MM. TOURENNE et Martial BOURQUIN, Mme ESPAGNAC, MM. LALANDE et KANNER, Mme TOCQUEVILLE, MM. LUREL et DURAIN, Mme ARTIGALAS

et les membres du groupe socialiste et républicain


ARTICLE 29


I. Rédiger comme suit l'alinéa 8 : 

4° Elles ont pour objectif de concourir au développement durable, à la transition énergétique, à la promotion culturelle ou à la solidarité internationale. 

II. La perte de recette pour l’État et pour les organismes de sécurité sociale est compensée à due concurrence par la  création  d’une  taxe  additionnelle  aux droits  visés  aux  articles  575  et  575  A  du  code général des impôts.

Objet

L’agrément ESUS est le dispositif qui conditionne l’accès au financement des entreprises de l’ESS par l’épargne solidaire. Compte tenu des difficultés d’application de l’agrément rénové par la loi de 2014, on ne peut que saluer l’objectif de simplification poursuivi par le Gouvernement.

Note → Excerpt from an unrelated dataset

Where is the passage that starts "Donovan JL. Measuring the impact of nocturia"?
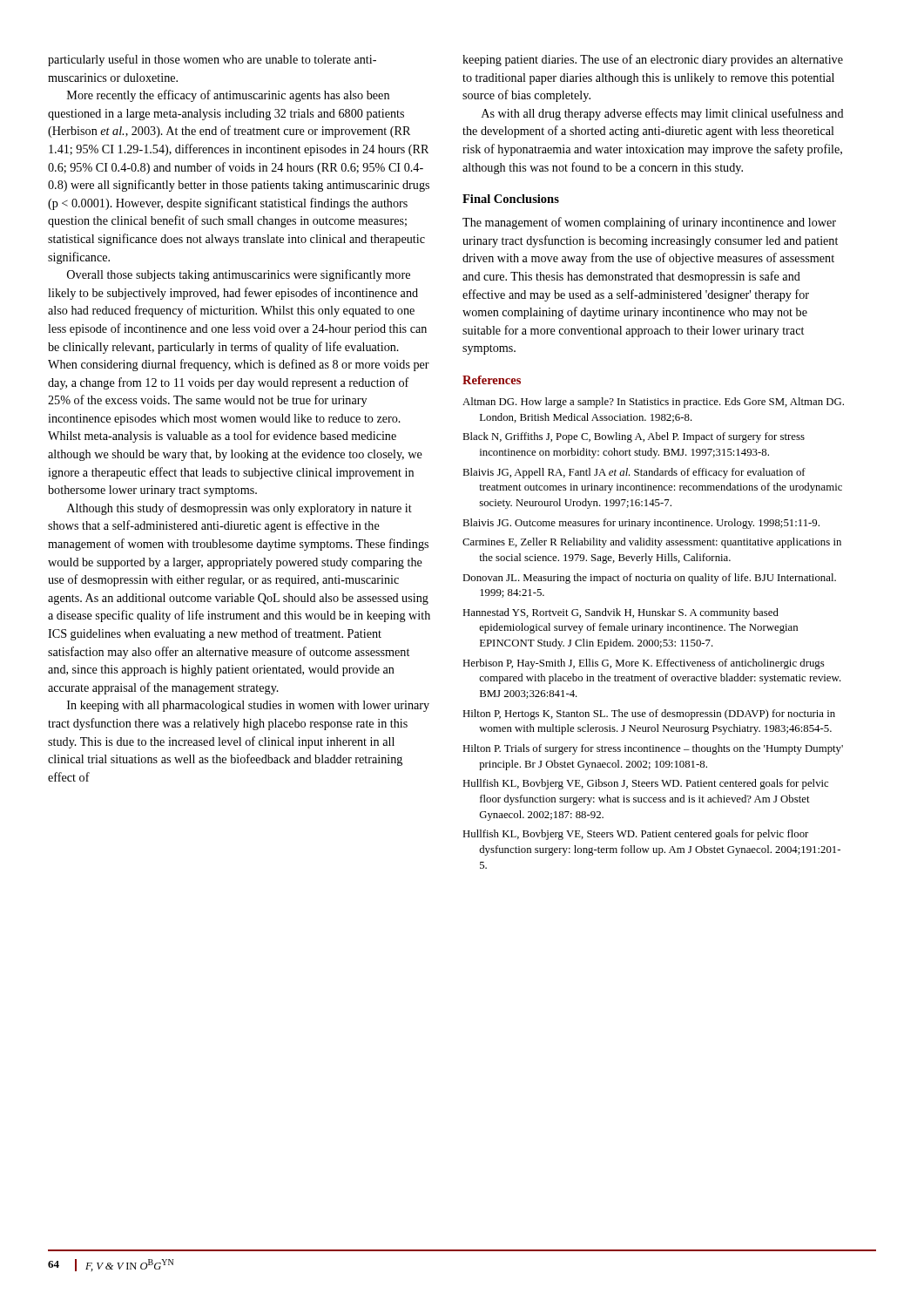Viewport: 924px width, 1307px height. pos(650,585)

Cependant, certaines des modifications proposées ne permettent pas d’atteindre les objectifs poursuivis par le Gouvernement dans l’exposé des motifs du projet de loi.

L’exposé des motifs précise en effet que les modifications ont pour objectif d’ouvrir de manière explicite l’agrément ESUS aux activités de transition écologique ou de solidarité internationale. Ces activités étaient déjà présentes lors de la précédente rédaction mais elles n’étaient pas prises en compte par les préfectures dans la mesure où elles devaient être rattachées à la lutte contre la pauvreté, les inégalités ou à la cohésion territoriale.

Or la rédaction que propose le texte présente les mêmes inconvénients que la précédente rédaction : elle rattache le développement durable, la transition écologique ou à la solidarité internationale, à la lutte contre la pauvreté, les inégalités ou à la cohésion territoriale.

Les mêmes causes produisant les mêmes effets, la rédaction proposée par le Gouvernement n’atteindra pas son objectif.

L’amendement vise donc à autonomiser clairement les activités de développement durable, de transition énergétique, de solidarité internationale ou de promotion culturelle. La sélectivité souhaitée par le Gouvernement restera atteinte par le cumul des dix conditions d’obtention de l’agrément, en particulier de celles qui figurent à l’article 1 de la loi du 31 juillet 2014 relative à l’économie sociale et solidaire.